Closed arporter closed 10 months ago
The trouble is that (in NEMOVAR), there isn't always an explicit import of the overridden intrinsic. Obviously, if we find a wildcard import and the tentative intrinsic match has an invalid number of arguments then we know it can't be an intrinsic and must be from elsewhere. However, if it happens to have the same number of arguments as the intrinsic then we will always match an Intrinsic, even if those arguments are of the wrong type. (In future we could check the type of the arguments.)
All modified and coverable lines are covered by tests :white_check_mark:
Comparison is base (
5c3808d
) 91.96% compared to head (f7ebb67
) 91.99%.
:umbrella: View full report in Codecov by Sentry.
:loudspeaker: Have feedback on the report? Share it here.
This has been needed for NEMOVAR for a while: currently we are over zealous in checking the number of arguments to intrinsics and fell foul of the fact that NEMOVAR overrides DOT_PRODUCT with something that can accept more args than the Fortran intrinsic can. This PR alters the parser's behaviour so that if the number of arguments don't match and there's somewhere that a symbol could be coming from then we don't match an intrinsic. I had to extend SymbolTable with a new wildcard_imports
property to do this.
One for @sergisiso or @rupertford.
I hadn't considered submodules so thanks for spotting that. Having done some reading I see that (as you'd expect) they have access to all the symbols made available by the 'parent' module. I'll have to allow for that.

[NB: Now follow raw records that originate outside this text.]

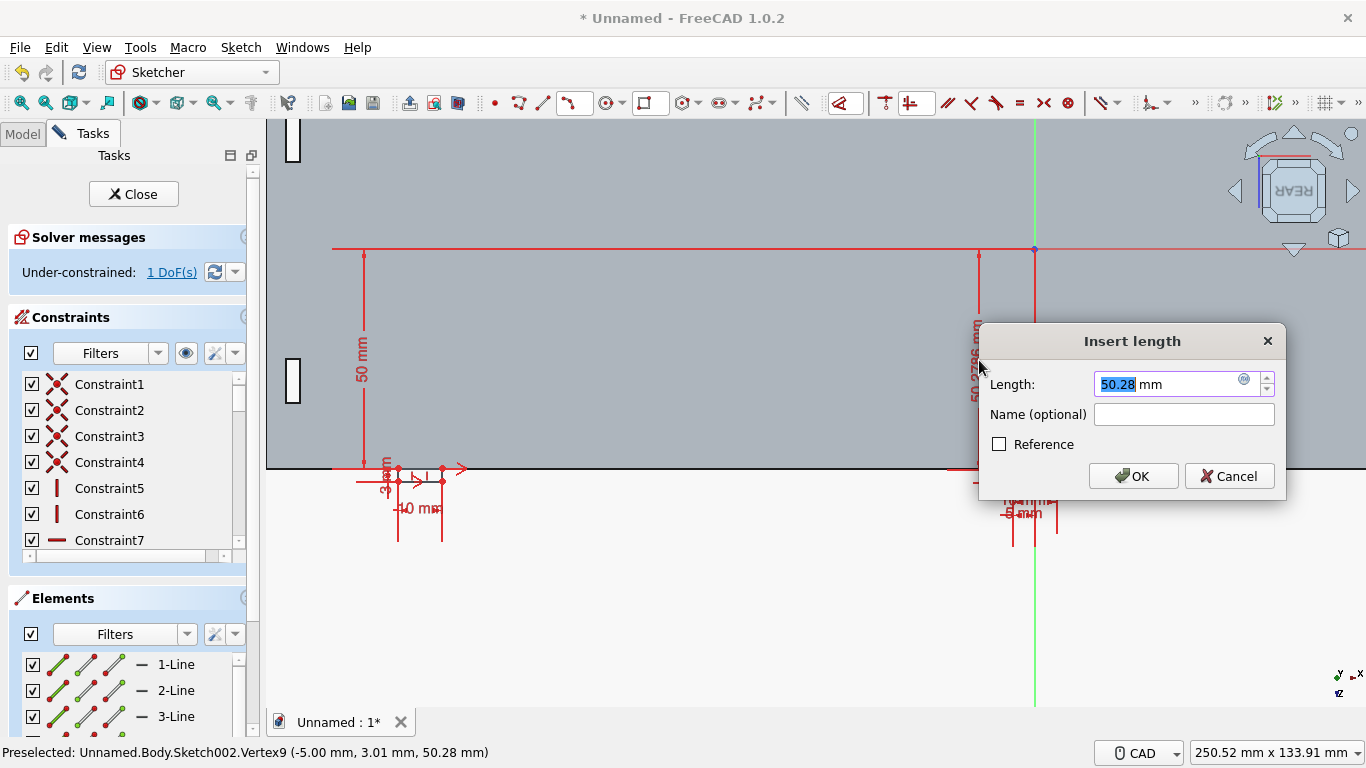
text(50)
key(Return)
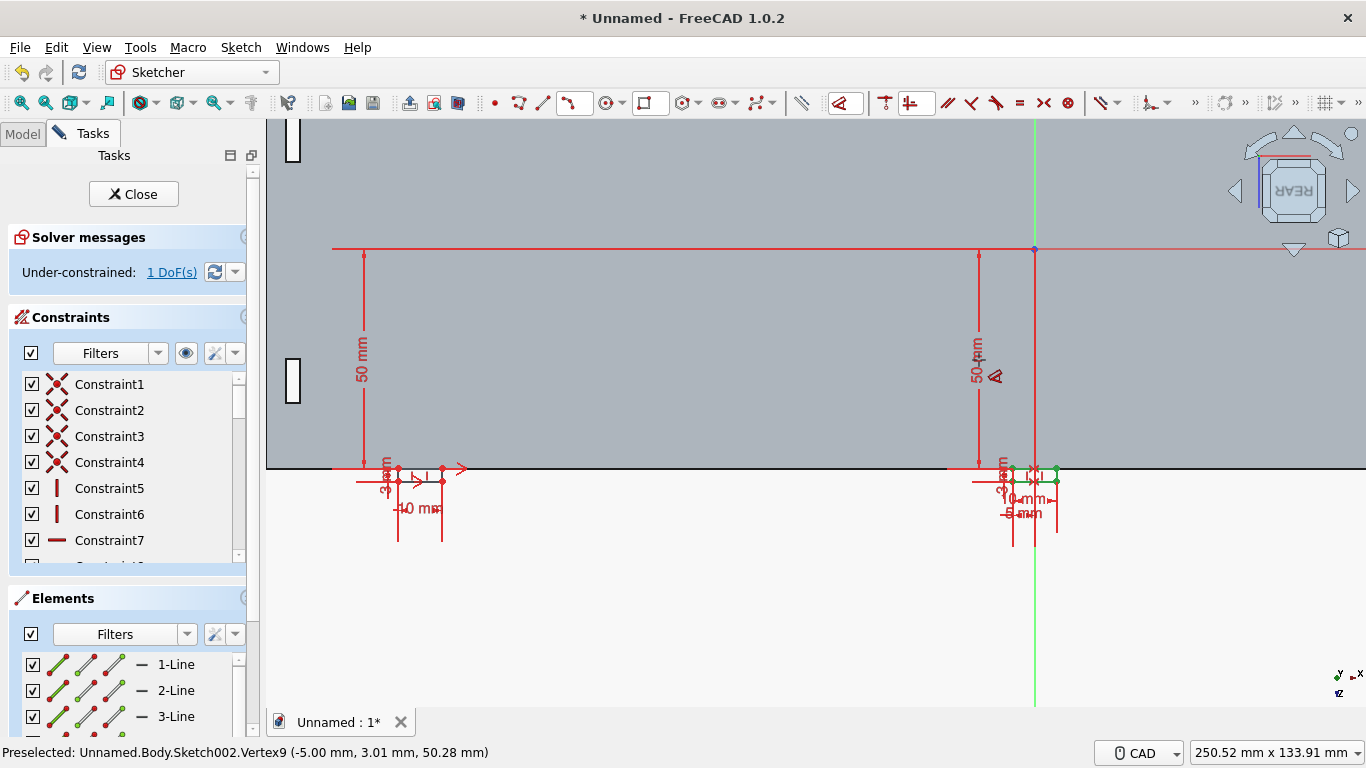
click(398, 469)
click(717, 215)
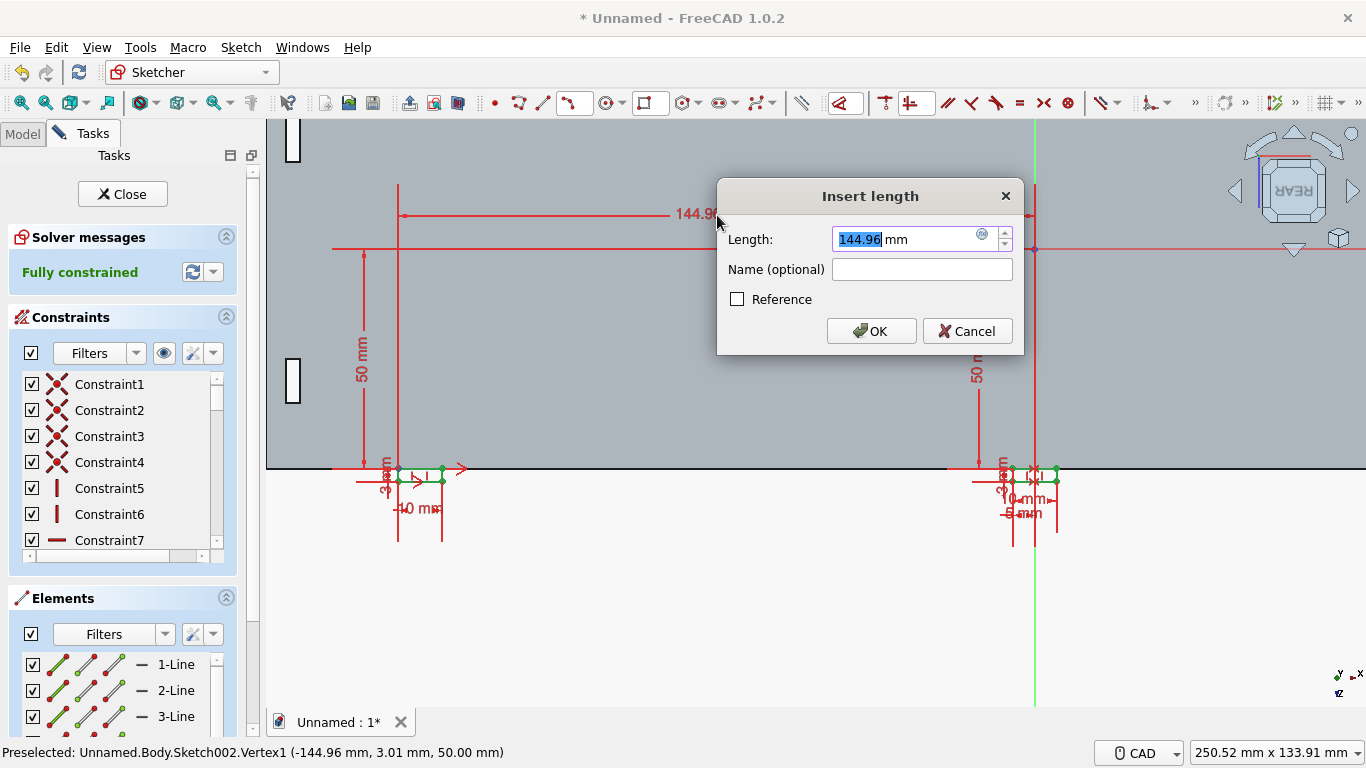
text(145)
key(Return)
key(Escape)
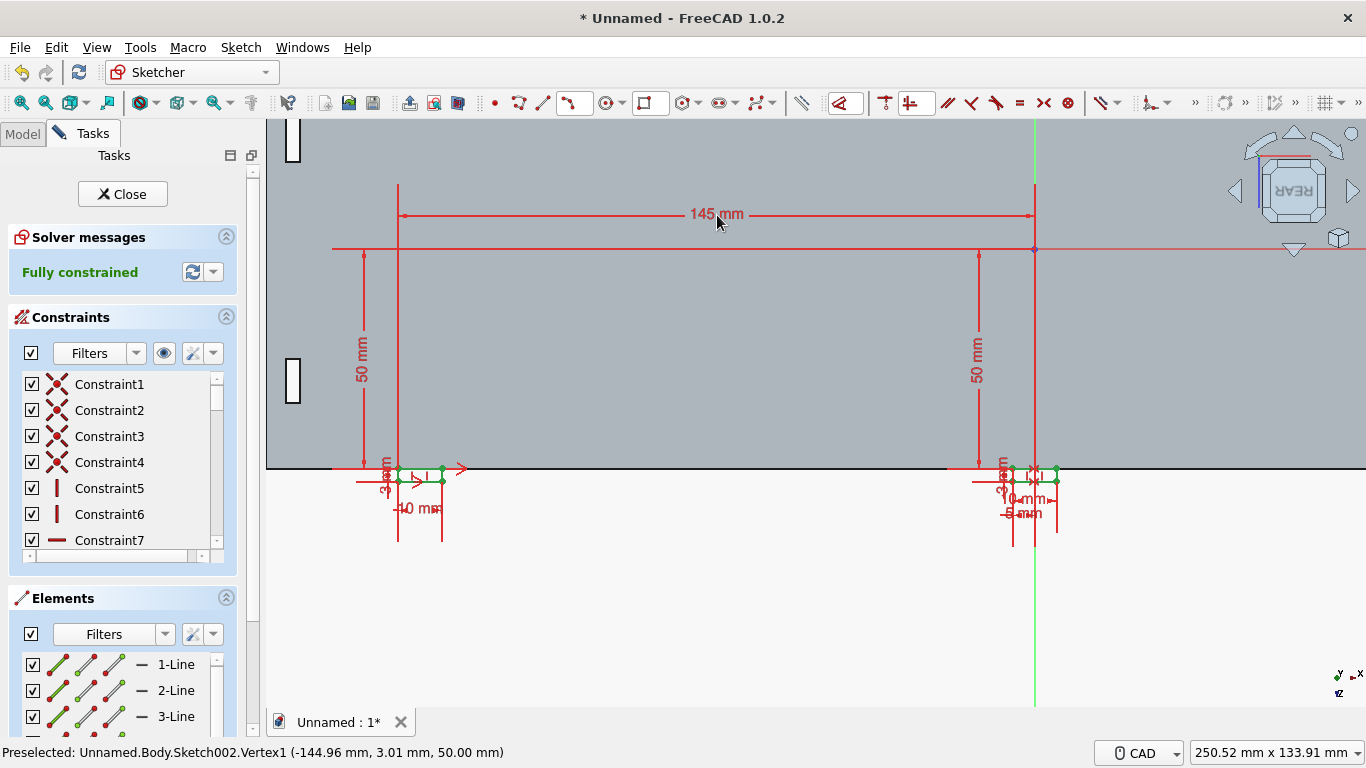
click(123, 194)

I've hit a problem with submodules which I think will be common to any situation where we need to do a context-sensitive match. At the moment, any match
method knows only the string it is trying to match - it doesn't know what node (if any) will be the parent of the one it is creating. This is a problem here because I was going to allow intrinsic shadowing in a submodule on the basis that we assume the Fortran is valid and therefore the necessary symbol must be being brought into scope in the parent module (which we can't see because it is in a separate file).
I can solve my immediate problem by extending the SymbolTable so that (as in the PSyIR) it keeps a reference to the node in the parse tree with which it is associated. This is probably not a bad thing to do and is considerably lighter weight than changing the way we construct nodes. I'll do it as a separate PR though so we can have a proper discussion.
Would your symbol table implementation help here? I'm not sure how hard it would be to create a list of nodes during a hierarchical match. Give the current implementation I would expect it to be difficult - assuming that is what you are after.
It will definitely let me determine whether we are currently within a submodule
- I had a little play and it was easy. Really we need an ancestor
method too but that's just syntactic sugar.
Great. I think the problem with ancestor is that we create the nodes as we recurse back up, not down - but perhaps there is a simple solution.
Great. I think the problem with ancestor is that we create the nodes as we recurse back up, not down - but perhaps there is a simple solution.
Ah! You are of course correct. I only checked for the immediate parent (which works) but the grandparent isn't created yet :-(
Perhaps we revert to the assumption that the Fortran is correct so that if the number of arguments is invalid then we simply don't match an Intrinsic?
When would this allow incorrect code to get through?
When would this allow incorrect code to get through?
If the Fortran code was incorrect (so meant to call an intrinsic but supplied the wrong number of args) then we wouldn't spot it - it would get matched as a call or array access instead.
Since we don't check argument types, we will also incorrectly match an intrinsic call when a Fortran compiler would complain if the wrong type was passed to an intrinsic.
And why won't the symbol table approach help as we build this as we go along so should see some info? We could be less clever for submodules. We could have a switch which says whether to try to determine shadowing or not.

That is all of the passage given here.